Open Bai-YT opened 1 year ago

Bai-YT commented 1 year ago

Hi. Is it possible to share the config files used for evaluating the weights available in through the Google Drive links?

I was trying to reproduce the 44.05% mAP of the Faster R-CNN (ResNet-50) -- Ours (thr=5e-2) experiment. However, I only get Average Precision (AP) @[ IoU=0.50:0.95 | area= all | maxDets=100 ] = 0.324.
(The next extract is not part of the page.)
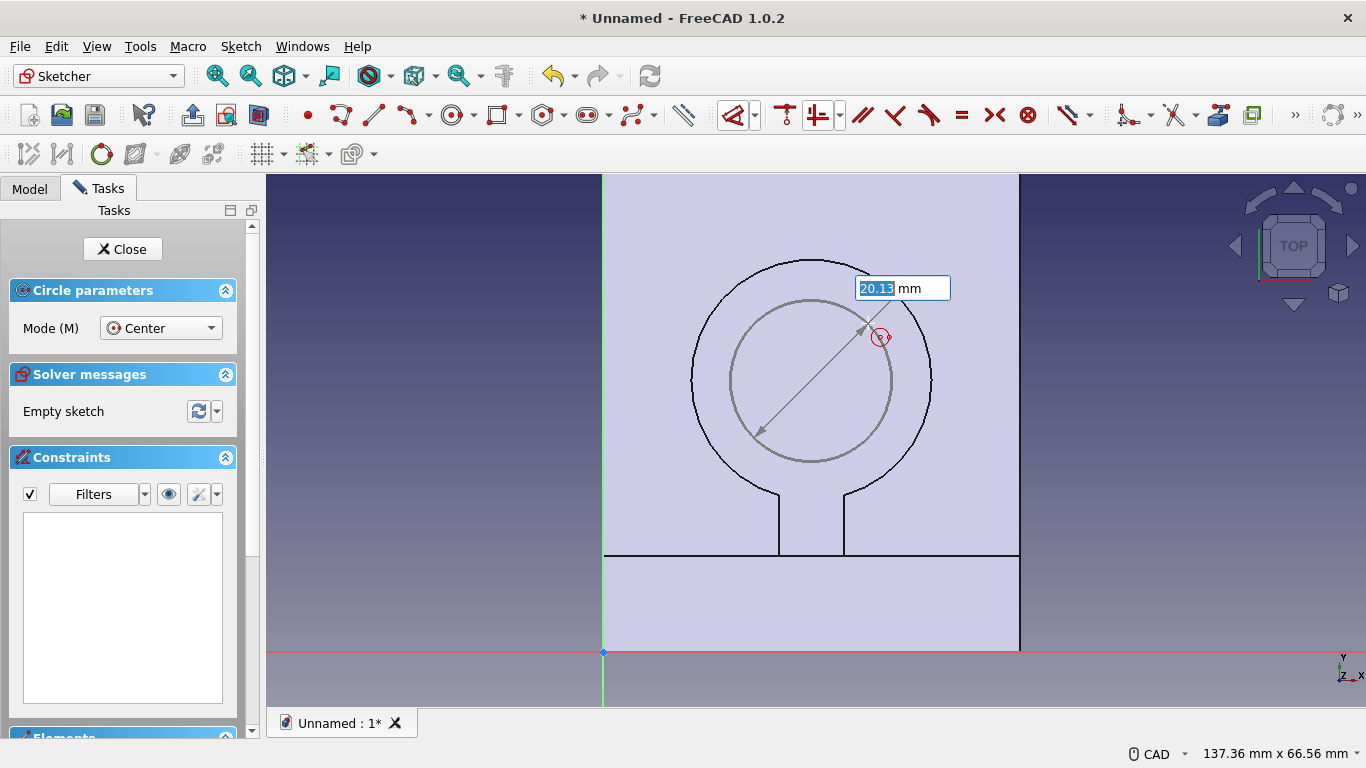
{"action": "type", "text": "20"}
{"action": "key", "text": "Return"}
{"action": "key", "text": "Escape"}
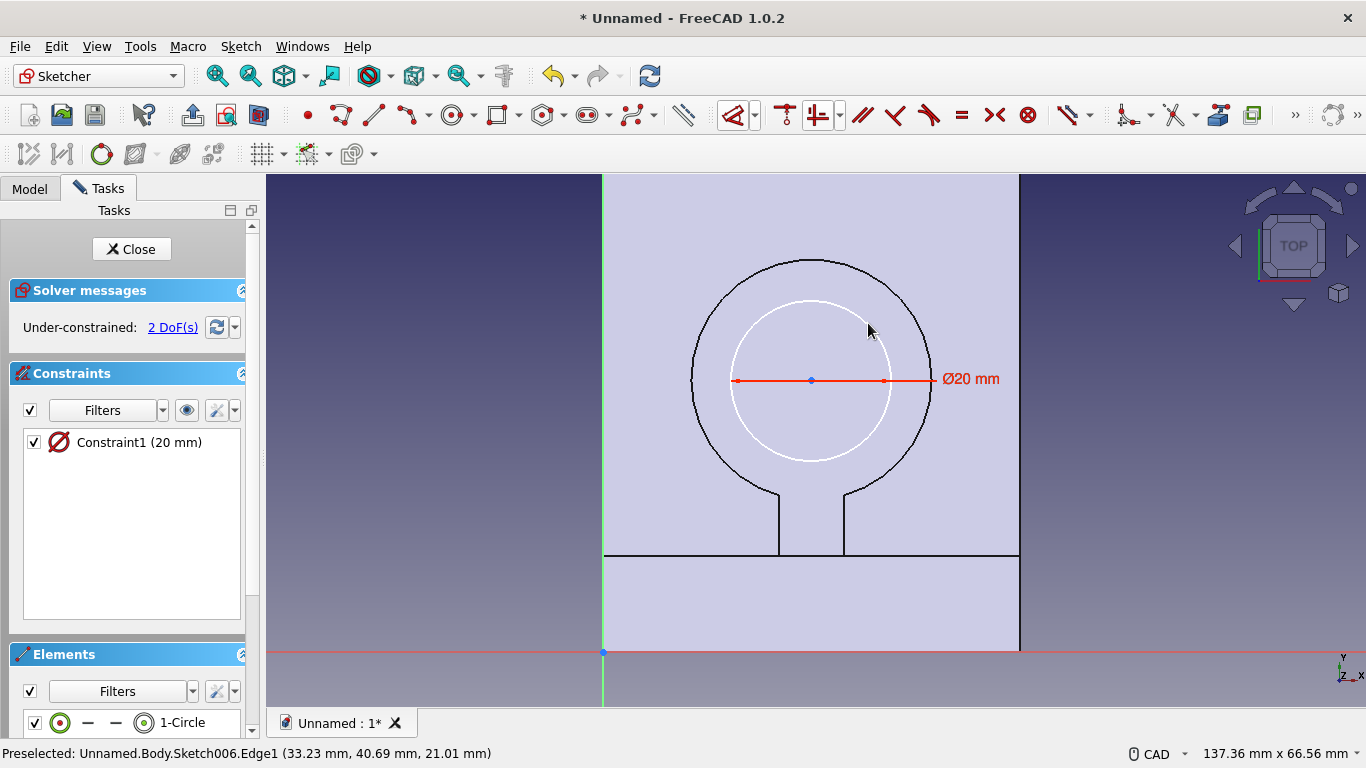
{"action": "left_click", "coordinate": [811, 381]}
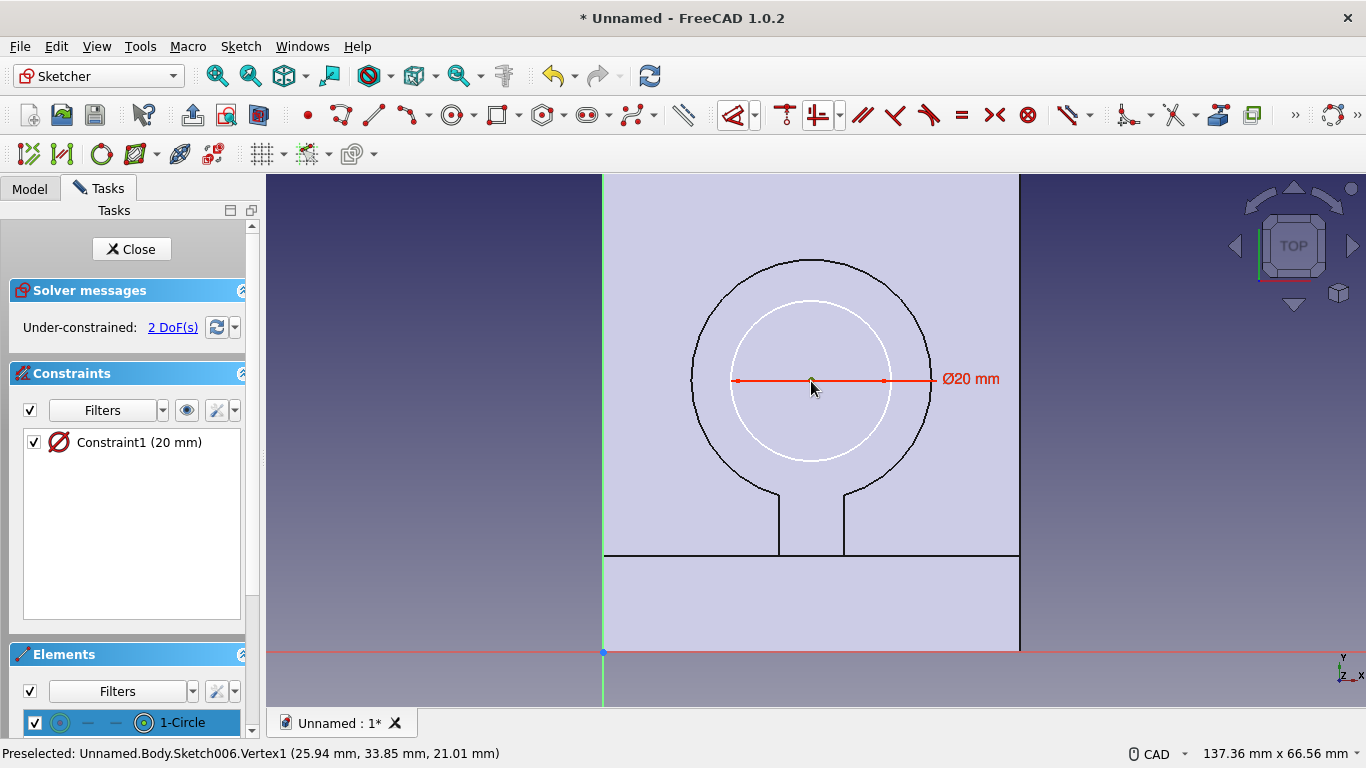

The command that I ran was the following:

bash tools/dist_test.sh
/home/ubuntu/project/Detection/SoftTeacher/configs/soft_teacher/soft_teacher_faster_rcnn_r50_caffe_fpn_coco_full_720k_eval.py
/home/ubuntu/project/Detection/SoftTeacher/work_dirs/soft_teacher_faster_rcnn_r50_caffe_fpn_coco_full_720k/coco_iter_720000.pth
1 --eval bbox --cfg-options model.test_cfg.rcnn.score_thr=0.90

The config file is the following:

_base_="base.py"

data = dict(
    samples_per_gpu=8,
    workers_per_gpu=5,
    train=dict(
        sup=dict(
            ann_file="/home/ubuntu/project/data/COCO/annotations/instances_train2017.json",
            img_prefix="/home/ubuntu/project/data/COCO/train2017/",
        ),
    ),
    val=dict(
        ann_file="/home/ubuntu/project/data/COCO/annotations/instances_val2017.json",
        img_prefix="/home/ubuntu/project/data/COCO/val2017/",
    ),
    test=dict(
        ann_file="/home/ubuntu/project/data/COCO/annotations/instances_val2017.json",
        img_prefix="/home/ubuntu/project/data/COCO/val2017/",
    ),

    sampler=dict(
        train=dict(
            sample_ratio=[1, 1],
        )
    )
)

semi_wrapper = dict(
    train_cfg=dict(
        unsup_weight=2.0,
    )
)

optimizer = dict(lr=0.01, weight_decay=1e-4, momentum=0.9)
lr_config = dict(step=[300000, 425000])
runner = dict(_delete_=True, type="IterBasedRunner", max_iters=450000)

Could someone help me out? Thank you. If there is an existing issue about this that I missed, I apologize in advance.